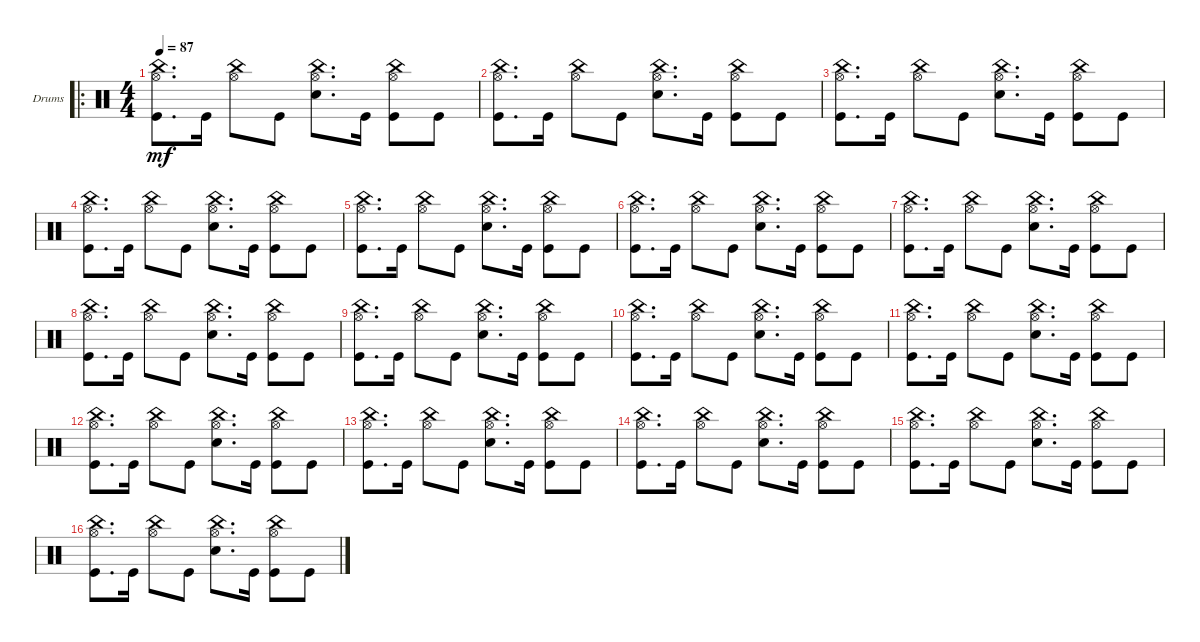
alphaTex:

\defaultSystemsLayout 4
\bracketExtendMode groupsimilarinstruments
\firstSystemTrackNameOrientation horizontal
\otherSystemsTrackNameOrientation horizontal
\track ("Drumkit" "Drums") {instrument percussion}
\staff {score}
\articulation defaults
\ro
\ts (4 4)
\tempo 87
\clef neutral
\scale
0.5
\ks c
("Kick (hit)" "China (hit)" "Hi-Hat (open)").8{d dy mf} "Kick (hit)".16 ("China (hit)" "Hi-Hat (open)").8 "Kick (hit)".8 ("Snare (hit) 2" "China (hit)" "Hi-Hat (open)").8{d} "Kick (hit)".16 ("Kick (hit)" "China (hit)" "Hi-Hat (open)").8 "Kick (hit)".8 |
\scale
0.25 ("Kick (hit)" "China (hit)" "Hi-Hat (open)").8{d} "Kick (hit)".16 ("China (hit)" "Hi-Hat (open)").8 "Kick (hit)".8 ("Snare (hit) 2" "China (hit)" "Hi-Hat (open)").8{d} "Kick (hit)".16 ("Kick (hit)" "China (hit)" "Hi-Hat (open)").8 "Kick (hit)".8 |
\scale
0.25 ("Kick (hit)" "China (hit)" "Hi-Hat (open)").8{d} "Kick (hit)".16 ("China (hit)" "Hi-Hat (open)").8 "Kick (hit)".8 ("Snare (hit) 2" "China (hit)" "Hi-Hat (open)").8{d} "Kick (hit)".16 ("Kick (hit)" "China (hit)" "Hi-Hat (open)").8 "Kick (hit)".8 |
("Kick (hit)" "China (hit)" "Hi-Hat (open)").8{d} "Kick (hit)".16 ("China (hit)" "Hi-Hat (open)").8 "Kick (hit)".8 ("Snare (hit) 2" "China (hit)" "Hi-Hat (open)").8{d} "Kick (hit)".16 ("Kick (hit)" "China (hit)" "Hi-Hat (open)").8 "Kick (hit)".8 |
("Kick (hit)" "China (hit)" "Hi-Hat (open)").8{d} "Kick (hit)".16 ("China (hit)" "Hi-Hat (open)").8 "Kick (hit)".8 ("Snare (hit) 2" "China (hit)" "Hi-Hat (open)").8{d} "Kick (hit)".16 ("Kick (hit)" "China (hit)" "Hi-Hat (open)").8 "Kick (hit)".8 |
("Kick (hit)" "China (hit)" "Hi-Hat (open)").8{d} "Kick (hit)".16 ("China (hit)" "Hi-Hat (open)").8 "Kick (hit)".8 ("Snare (hit) 2" "China (hit)" "Hi-Hat (open)").8{d} "Kick (hit)".16 ("Kick (hit)" "China (hit)" "Hi-Hat (open)").8 "Kick (hit)".8 |
("Kick (hit)" "China (hit)" "Hi-Hat (open)").8{d} "Kick (hit)".16 ("China (hit)" "Hi-Hat (open)").8 "Kick (hit)".8 ("Snare (hit) 2" "China (hit)" "Hi-Hat (open)").8{d} "Kick (hit)".16 ("Kick (hit)" "China (hit)" "Hi-Hat (open)").8 "Kick (hit)".8 |
("Kick (hit)" "China (hit)" "Hi-Hat (open)").8{d} "Kick (hit)".16 ("China (hit)" "Hi-Hat (open)").8 "Kick (hit)".8 ("Snare (hit) 2" "China (hit)" "Hi-Hat (open)").8{d} "Kick (hit)".16 ("Kick (hit)" "China (hit)" "Hi-Hat (open)").8 "Kick (hit)".8 |
("Kick (hit)" "China (hit)" "Hi-Hat (open)").8{d} "Kick (hit)".16 ("China (hit)" "Hi-Hat (open)").8 "Kick (hit)".8 ("Snare (hit) 2" "China (hit)" "Hi-Hat (open)").8{d} "Kick (hit)".16 ("Kick (hit)" "China (hit)" "Hi-Hat (open)").8 "Kick (hit)".8 |
("Kick (hit)" "China (hit)" "Hi-Hat (open)").8{d} "Kick (hit)".16 ("China (hit)" "Hi-Hat (open)").8 "Kick (hit)".8 ("Snare (hit) 2" "China (hit)" "Hi-Hat (open)").8{d} "Kick (hit)".16 ("Kick (hit)" "China (hit)" "Hi-Hat (open)").8 "Kick (hit)".8 |
("Kick (hit)" "China (hit)" "Hi-Hat (open)").8{d} "Kick (hit)".16 ("China (hit)" "Hi-Hat (open)").8 "Kick (hit)".8 ("Snare (hit) 2" "China (hit)" "Hi-Hat (open)").8{d} "Kick (hit)".16 ("Kick (hit)" "China (hit)" "Hi-Hat (open)").8 "Kick (hit)".8 |
("Kick (hit)" "China (hit)" "Hi-Hat (open)").8{d} "Kick (hit)".16 ("China (hit)" "Hi-Hat (open)").8 "Kick (hit)".8 ("Snare (hit) 2" "China (hit)" "Hi-Hat (open)").8{d} "Kick (hit)".16 ("Kick (hit)" "China (hit)" "Hi-Hat (open)").8 "Kick (hit)".8 |
("Kick (hit)" "China (hit)" "Hi-Hat (open)").8{d} "Kick (hit)".16 ("China (hit)" "Hi-Hat (open)").8 "Kick (hit)".8 ("Snare (hit) 2" "China (hit)" "Hi-Hat (open)").8{d} "Kick (hit)".16 ("Kick (hit)" "China (hit)" "Hi-Hat (open)").8 "Kick (hit)".8 |
("Kick (hit)" "China (hit)" "Hi-Hat (open)").8{d} "Kick (hit)".16 ("China (hit)" "Hi-Hat (open)").8 "Kick (hit)".8 ("Snare (hit) 2" "China (hit)" "Hi-Hat (open)").8{d} "Kick (hit)".16 ("Kick (hit)" "China (hit)" "Hi-Hat (open)").8 "Kick (hit)".8 |
("Kick (hit)" "China (hit)" "Hi-Hat (open)").8{d} "Kick (hit)".16 ("China (hit)" "Hi-Hat (open)").8 "Kick (hit)".8 ("Snare (hit) 2" "China (hit)" "Hi-Hat (open)").8{d} "Kick (hit)".16 ("Kick (hit)" "China (hit)" "Hi-Hat (open)").8 "Kick (hit)".8 |
("Kick (hit)" "China (hit)" "Hi-Hat (open)").8{d} "Kick (hit)".16 ("China (hit)" "Hi-Hat (open)").8 "Kick (hit)".8 ("Snare (hit) 2" "China (hit)" "Hi-Hat (open)").8{d} "Kick (hit)".16 ("Kick (hit)" "China (hit)" "Hi-Hat (open)").8 "Kick (hit)".8

### Task
Apart from the images, the entries above must be returned without alteration.

### Answer
alphaTex:

\defaultSystemsLayout 4
\bracketExtendMode groupsimilarinstruments
\firstSystemTrackNameOrientation horizontal
\otherSystemsTrackNameOrientation horizontal
\track ("Drumkit" "Drums") {instrument percussion}
\staff {score}
\articulation defaults
\ro
\ts (4 4)
\tempo 87
\clef neutral
\scale
0.5
\ks c
("Kick (hit)" "China (hit)" "Hi-Hat (open)").8{d dy mf} "Kick (hit)".16 ("China (hit)" "Hi-Hat (open)").8 "Kick (hit)".8 ("Snare (hit) 2" "China (hit)" "Hi-Hat (open)").8{d} "Kick (hit)".16 ("Kick (hit)" "China (hit)" "Hi-Hat (open)").8 "Kick (hit)".8 |
\scale
0.25 ("Kick (hit)" "China (hit)" "Hi-Hat (open)").8{d} "Kick (hit)".16 ("China (hit)" "Hi-Hat (open)").8 "Kick (hit)".8 ("Snare (hit) 2" "China (hit)" "Hi-Hat (open)").8{d} "Kick (hit)".16 ("Kick (hit)" "China (hit)" "Hi-Hat (open)").8 "Kick (hit)".8 |
\scale
0.25 ("Kick (hit)" "China (hit)" "Hi-Hat (open)").8{d} "Kick (hit)".16 ("China (hit)" "Hi-Hat (open)").8 "Kick (hit)".8 ("Snare (hit) 2" "China (hit)" "Hi-Hat (open)").8{d} "Kick (hit)".16 ("Kick (hit)" "China (hit)" "Hi-Hat (open)").8 "Kick (hit)".8 |
("Kick (hit)" "China (hit)" "Hi-Hat (open)").8{d} "Kick (hit)".16 ("China (hit)" "Hi-Hat (open)").8 "Kick (hit)".8 ("Snare (hit) 2" "China (hit)" "Hi-Hat (open)").8{d} "Kick (hit)".16 ("Kick (hit)" "China (hit)" "Hi-Hat (open)").8 "Kick (hit)".8 |
("Kick (hit)" "China (hit)" "Hi-Hat (open)").8{d} "Kick (hit)".16 ("China (hit)" "Hi-Hat (open)").8 "Kick (hit)".8 ("Snare (hit) 2" "China (hit)" "Hi-Hat (open)").8{d} "Kick (hit)".16 ("Kick (hit)" "China (hit)" "Hi-Hat (open)").8 "Kick (hit)".8 |
("Kick (hit)" "China (hit)" "Hi-Hat (open)").8{d} "Kick (hit)".16 ("China (hit)" "Hi-Hat (open)").8 "Kick (hit)".8 ("Snare (hit) 2" "China (hit)" "Hi-Hat (open)").8{d} "Kick (hit)".16 ("Kick (hit)" "China (hit)" "Hi-Hat (open)").8 "Kick (hit)".8 |
("Kick (hit)" "China (hit)" "Hi-Hat (open)").8{d} "Kick (hit)".16 ("China (hit)" "Hi-Hat (open)").8 "Kick (hit)".8 ("Snare (hit) 2" "China (hit)" "Hi-Hat (open)").8{d} "Kick (hit)".16 ("Kick (hit)" "China (hit)" "Hi-Hat (open)").8 "Kick (hit)".8 |
("Kick (hit)" "China (hit)" "Hi-Hat (open)").8{d} "Kick (hit)".16 ("China (hit)" "Hi-Hat (open)").8 "Kick (hit)".8 ("Snare (hit) 2" "China (hit)" "Hi-Hat (open)").8{d} "Kick (hit)".16 ("Kick (hit)" "China (hit)" "Hi-Hat (open)").8 "Kick (hit)".8 |
("Kick (hit)" "China (hit)" "Hi-Hat (open)").8{d} "Kick (hit)".16 ("China (hit)" "Hi-Hat (open)").8 "Kick (hit)".8 ("Snare (hit) 2" "China (hit)" "Hi-Hat (open)").8{d} "Kick (hit)".16 ("Kick (hit)" "China (hit)" "Hi-Hat (open)").8 "Kick (hit)".8 |
("Kick (hit)" "China (hit)" "Hi-Hat (open)").8{d} "Kick (hit)".16 ("China (hit)" "Hi-Hat (open)").8 "Kick (hit)".8 ("Snare (hit) 2" "China (hit)" "Hi-Hat (open)").8{d} "Kick (hit)".16 ("Kick (hit)" "China (hit)" "Hi-Hat (open)").8 "Kick (hit)".8 |
("Kick (hit)" "China (hit)" "Hi-Hat (open)").8{d} "Kick (hit)".16 ("China (hit)" "Hi-Hat (open)").8 "Kick (hit)".8 ("Snare (hit) 2" "China (hit)" "Hi-Hat (open)").8{d} "Kick (hit)".16 ("Kick (hit)" "China (hit)" "Hi-Hat (open)").8 "Kick (hit)".8 |
("Kick (hit)" "China (hit)" "Hi-Hat (open)").8{d} "Kick (hit)".16 ("China (hit)" "Hi-Hat (open)").8 "Kick (hit)".8 ("Snare (hit) 2" "China (hit)" "Hi-Hat (open)").8{d} "Kick (hit)".16 ("Kick (hit)" "China (hit)" "Hi-Hat (open)").8 "Kick (hit)".8 |
("Kick (hit)" "China (hit)" "Hi-Hat (open)").8{d} "Kick (hit)".16 ("China (hit)" "Hi-Hat (open)").8 "Kick (hit)".8 ("Snare (hit) 2" "China (hit)" "Hi-Hat (open)").8{d} "Kick (hit)".16 ("Kick (hit)" "China (hit)" "Hi-Hat (open)").8 "Kick (hit)".8 |
("Kick (hit)" "China (hit)" "Hi-Hat (open)").8{d} "Kick (hit)".16 ("China (hit)" "Hi-Hat (open)").8 "Kick (hit)".8 ("Snare (hit) 2" "China (hit)" "Hi-Hat (open)").8{d} "Kick (hit)".16 ("Kick (hit)" "China (hit)" "Hi-Hat (open)").8 "Kick (hit)".8 |
("Kick (hit)" "China (hit)" "Hi-Hat (open)").8{d} "Kick (hit)".16 ("China (hit)" "Hi-Hat (open)").8 "Kick (hit)".8 ("Snare (hit) 2" "China (hit)" "Hi-Hat (open)").8{d} "Kick (hit)".16 ("Kick (hit)" "China (hit)" "Hi-Hat (open)").8 "Kick (hit)".8 |
("Kick (hit)" "China (hit)" "Hi-Hat (open)").8{d} "Kick (hit)".16 ("China (hit)" "Hi-Hat (open)").8 "Kick (hit)".8 ("Snare (hit) 2" "China (hit)" "Hi-Hat (open)").8{d} "Kick (hit)".16 ("Kick (hit)" "China (hit)" "Hi-Hat (open)").8 "Kick (hit)".8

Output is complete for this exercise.